So, I originally had this post. It is my five year journal/diary .. whichever term you prefer. I caved and bought it in time to start it exactly on January 1st of this year. My goal was to truly stick to this journal everyday. I don’t necessarily write every night, but I do make sure my entry is done the next day. I keep the little guy in my purse – just in case. (I’m a huge just in case person).
I am really enjoying this new hobby/goal. There’s only a few lines under each date so I can only write the most important events or just simply cut to the chase. This journal is making me long for my past journaling days. I started writing in a journal super young and I didn’t stop until I was 22 years old. And then I burned them; burned them all. It was cathartic. It didn’t feel like I had a huge secret hiding in my cedar chest in the closet. There were so many journals. I spent so much time and money on all of them and I absolutely loved doing it. Their presence became a burden though. So many secrets or thoughts that were private that I did not ever want to share with the world or my family or friends or future husband. The thoughts and ideas and feelings were mine.

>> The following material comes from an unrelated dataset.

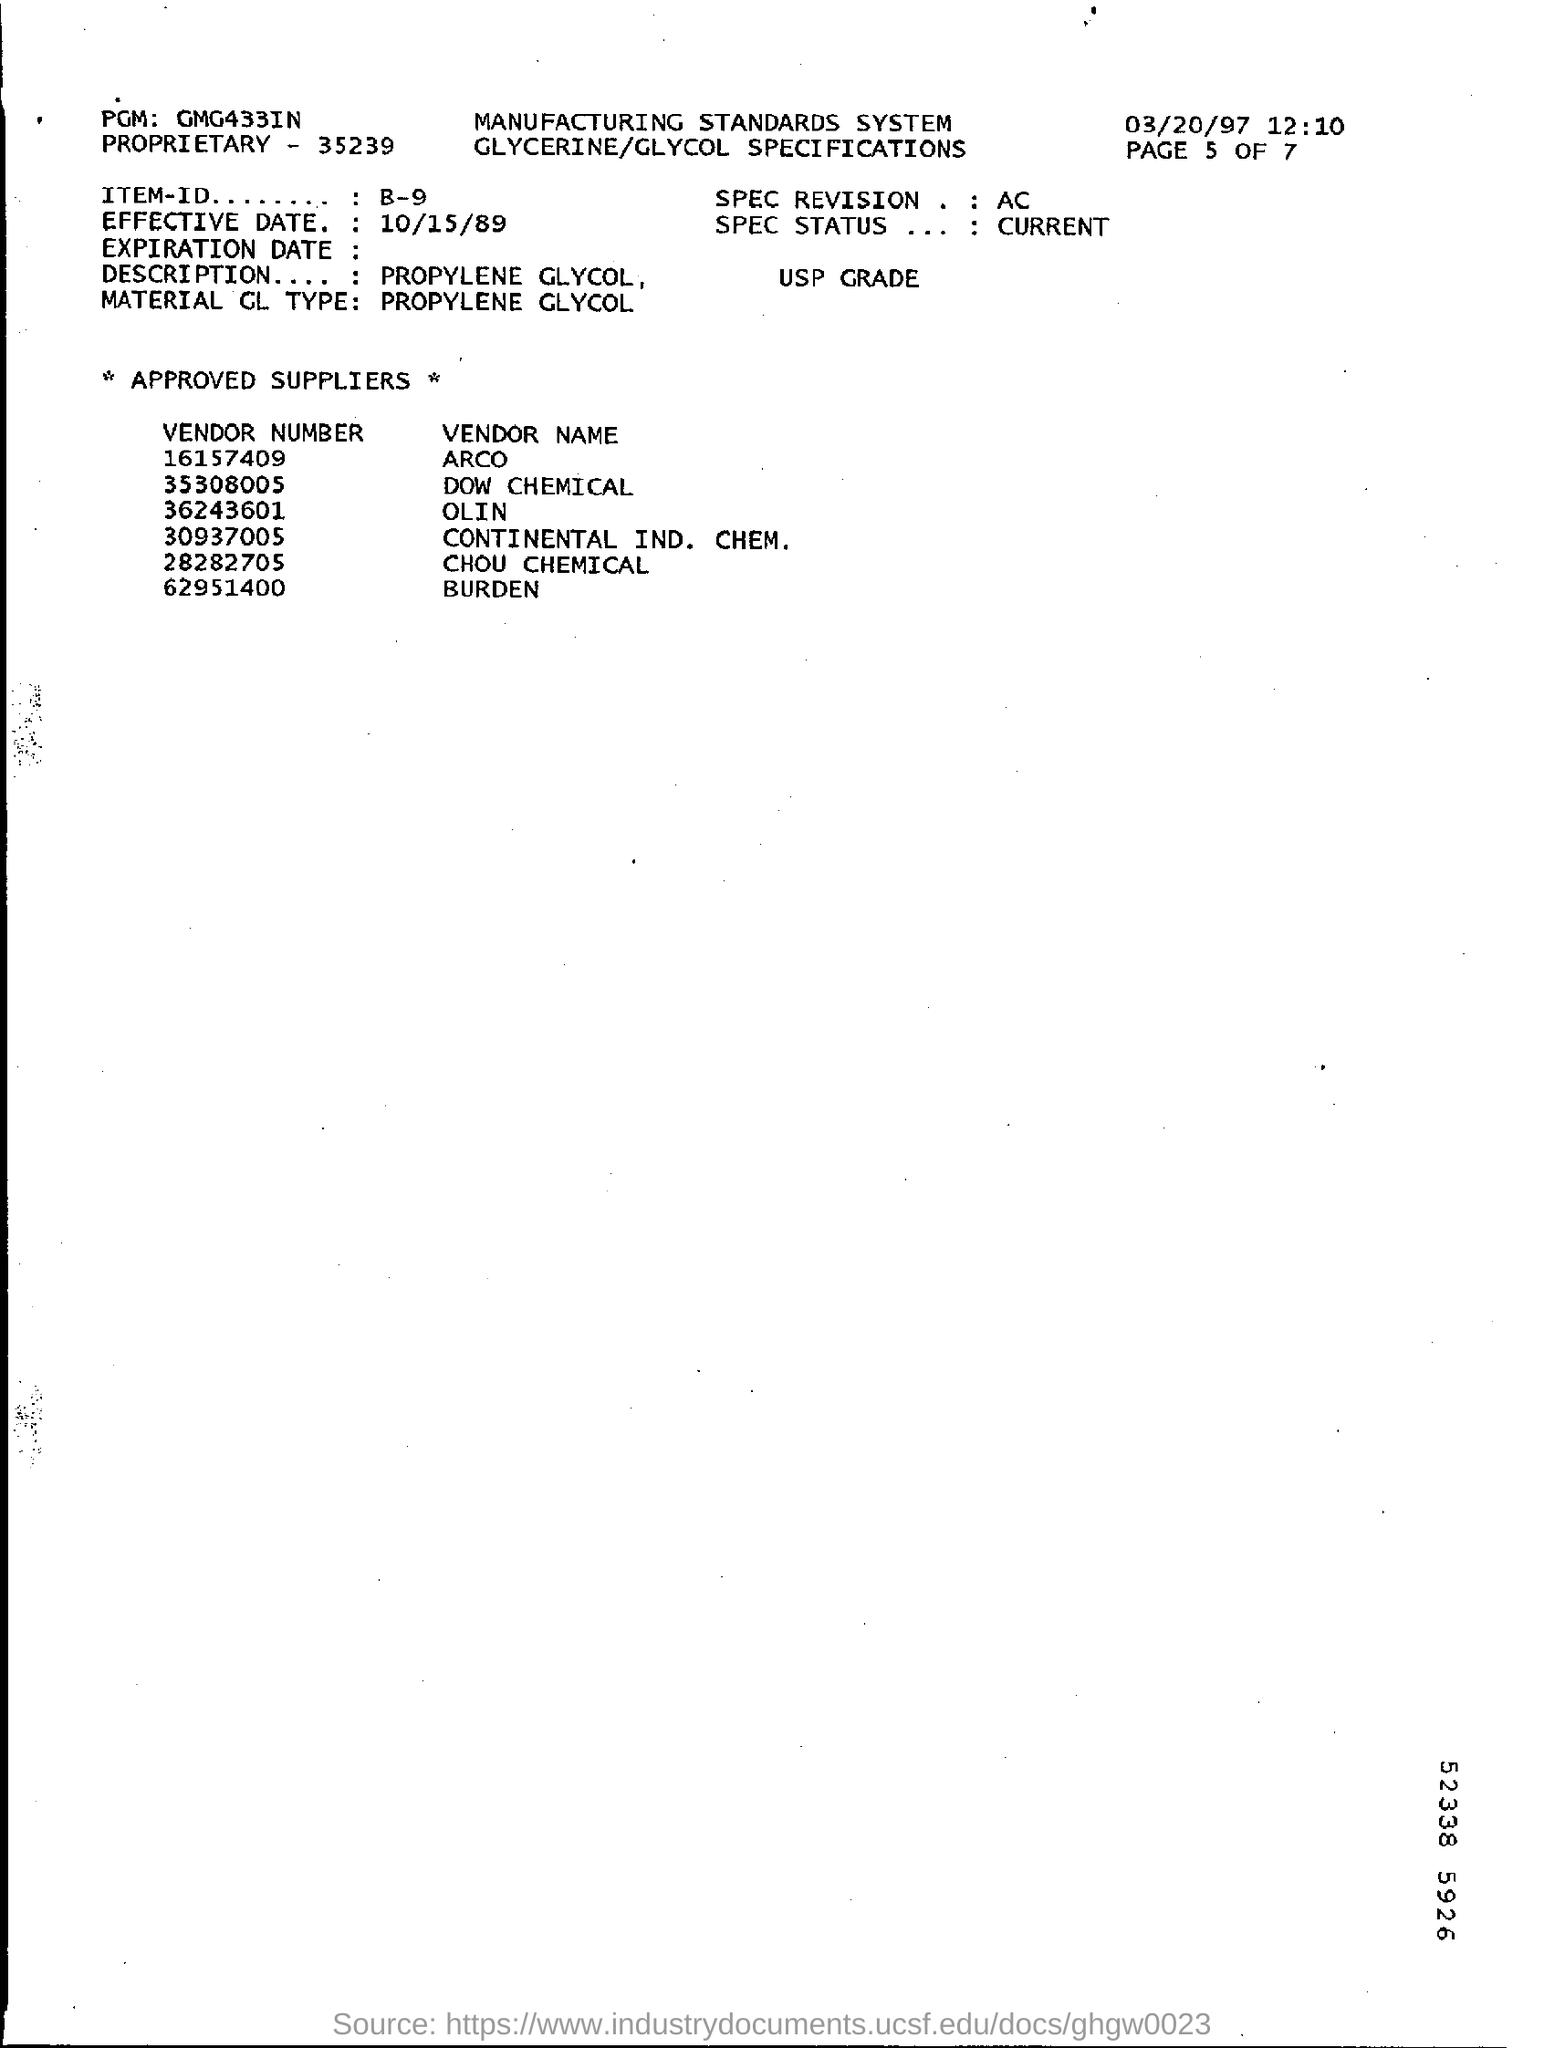Specify some key components in this picture. Can you please provide the item ID? It is B-9... The effective date of 10/15/89 has been declared. The material being referred to is Propylene Glycol. The vendor corresponding to 62951400 is BURDEN. The vendor number of Dow Chemical is 35308005.

Now a part of me misses writing things down in a journal. A part of me misses that way of documenting memories. Now that I have Project Life I can take scrapbooking more seriously and document things there, but I miss the feel of writing; the feeling of pen to paper.
For now my five year journal is filling that void. I know that the next five years will be big ones – getting married – starting a family? It will be nice to see how things have changed all in one little book that contains so much time.
So I guess what I’m trying to say through all this rambling is that I totally recommend it!